YOUR ASSIGNMENT:
Reproduce every line below exactly as written; do not include the images.

PROVIDED MATERIAL:
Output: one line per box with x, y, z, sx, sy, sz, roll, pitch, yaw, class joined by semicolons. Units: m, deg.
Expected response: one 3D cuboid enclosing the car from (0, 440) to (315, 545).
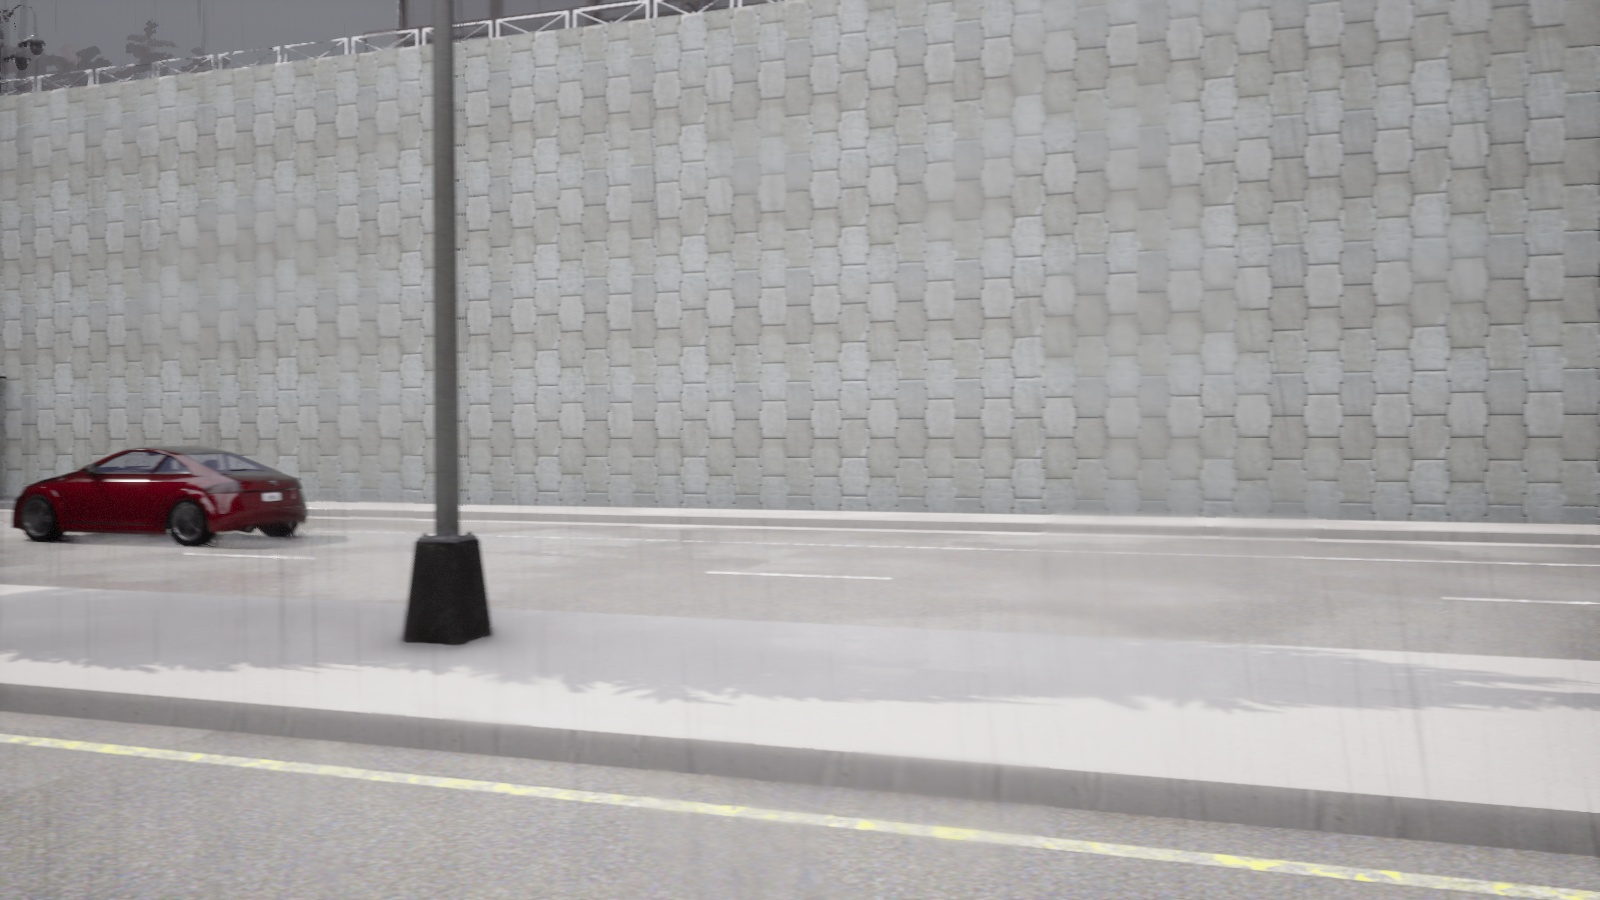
-9.565;0.557;18.545;4.181;1.385;1.994;1;1;19;car

ANSWER TO THE EXERCISE:
Output: one line per box with x, y, z, sx, sy, sz, roll, pitch, yaw, class joined by semicolons. Units: m, deg.
Expected response: one 3D cuboid enclosing the car from (0, 440) to (315, 545).
-9.565;0.557;18.545;4.181;1.385;1.994;1;1;19;car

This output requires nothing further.